多彩な催しでにぎわった本場奄美大島紬伝統工芸士会の創立50周年記念イベント
廃糸を使った50周年記念アートにも大勢の人が関わった
本場奄美大島紬伝統工芸士会(南祐和会長)の創立50周年の記念イベントが29日、奄美市名瀬のアマホームPLAZAであった。会員や来賓、関係者ら約200人が出席し、半世紀の節目を祝福。セレモニーや講演、ファッションショーなどの多彩な催しを通じて、技を紡いできた先人たちに感謝し、次世代の技術継承に誓いを新たにした。
同会は1977年に発足。経験12年以上の本場奄美大島紬製造従事者で、認定試験に合格した職人46人で構成。これまで培った長年の経験や伝統の技を通じて、産地の発展や後継者育成に努めてきた。
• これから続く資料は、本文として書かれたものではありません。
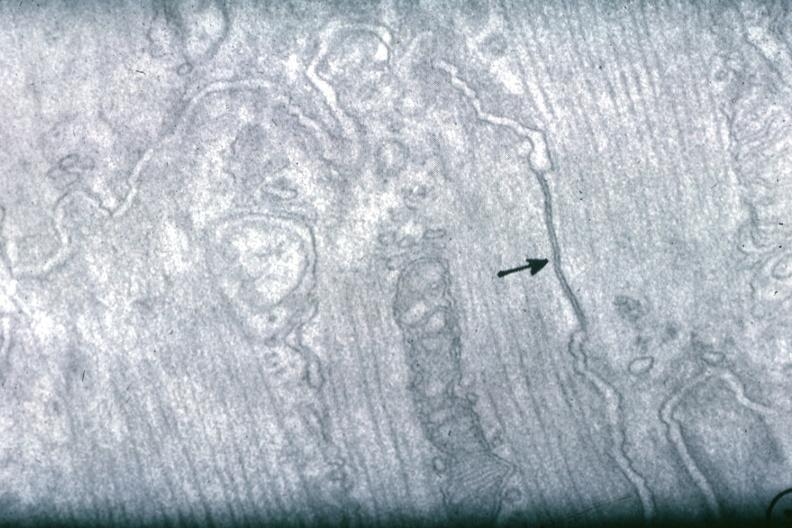s cardiovascular present?
Answer the question using a single word or phrase. Yes

セレモニーで南会長は「もう一度大島紬について考え、後輩の代に残す機会にしていこう」とあいさつ。表彰式があり、歴代会長や永年功労者の功績がたたえられた。
記念講演では、元高島屋の呉服部門担当者で池田企画代表の池田喜政さんが登壇し「技と美のモノ創り」をテーマに講話。近年の呉服業界の低迷には、▽産地、作家の非差別化▽色調・デザインなどの独自性欠如▽買いたくなる商品がない―などに要因があると述べ、「本当に望まれる商品とは何か。顧客視点が重要。百貨店などは富裕層の顧客を知っている。今こそ作り手、売り手が力を合わせるべき」などと呼び掛けていた。
ファッションショーでは、大島紬アンバサダーの10人が、泥、白、モダンなどの年代別の大島紬を現代風に着こなし、あでやかに会場を練り歩いた。会場の外では、廃糸を使った「みんなで作ろう紬アート」も好評で、大勢が協力して作品を完成させた。
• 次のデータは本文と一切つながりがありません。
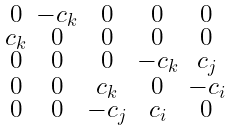Convert formula to latex. <formula><loc_0><loc_0><loc_500><loc_500>\begin{smallmatrix} 0 & - c _ { k } & 0 & 0 & 0 \\ c _ { k } & 0 & 0 & 0 & 0 \\ 0 & 0 & 0 & - c _ { k } & c _ { j } \\ 0 & 0 & c _ { k } & 0 & - c _ { i } \\ 0 & 0 & - c _ { j } & c _ { i } & 0 \end{smallmatrix}</formula> 
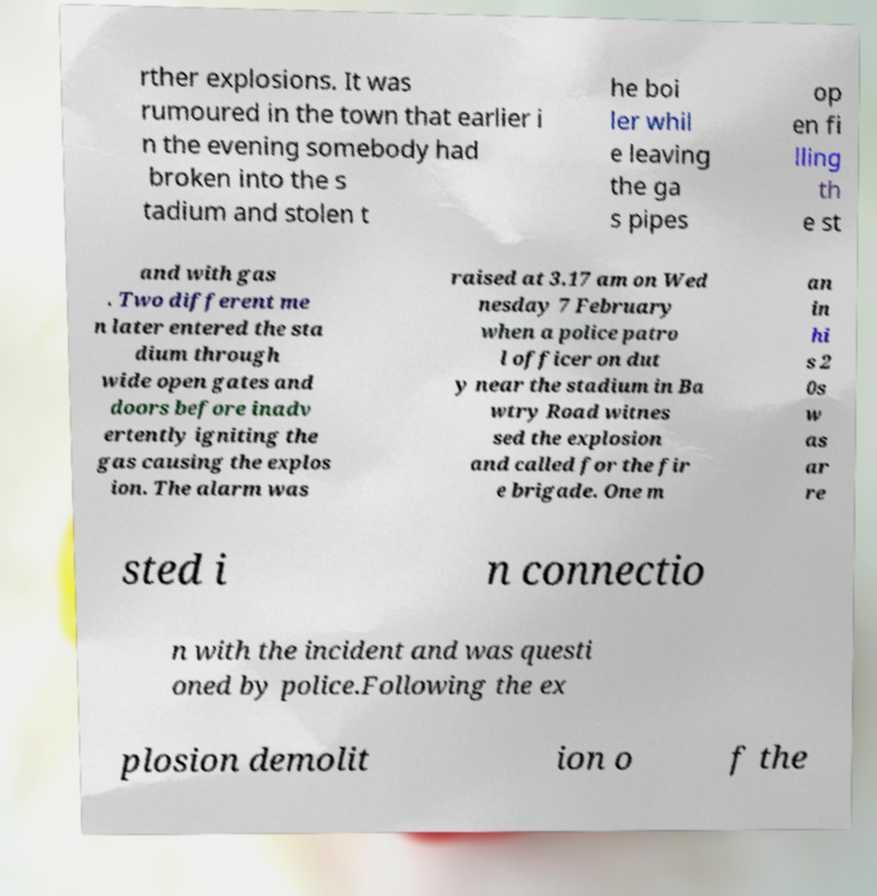Could you assist in decoding the text presented in this image and type it out clearly? rther explosions. It was rumoured in the town that earlier i n the evening somebody had broken into the s tadium and stolen t he boi ler whil e leaving the ga s pipes op en fi lling th e st and with gas . Two different me n later entered the sta dium through wide open gates and doors before inadv ertently igniting the gas causing the explos ion. The alarm was raised at 3.17 am on Wed nesday 7 February when a police patro l officer on dut y near the stadium in Ba wtry Road witnes sed the explosion and called for the fir e brigade. One m an in hi s 2 0s w as ar re sted i n connectio n with the incident and was questi oned by police.Following the ex plosion demolit ion o f the

最後は、奄美3世のタナカアツシさんの「奄美を唄う」と題する記念ライブを実施。この日のために作った新曲「ゆめつむぎ」などで盛り上がり、節目を喜んだ。
30年功労者表彰を受けた榮夏代さん(82)は「工芸士には技術を次の世代につないでいく責任がある。こうして節目を祝えたことを誇りに感じる」と笑顔だった。
会の後は場所を移し、祝賀会も開かれた。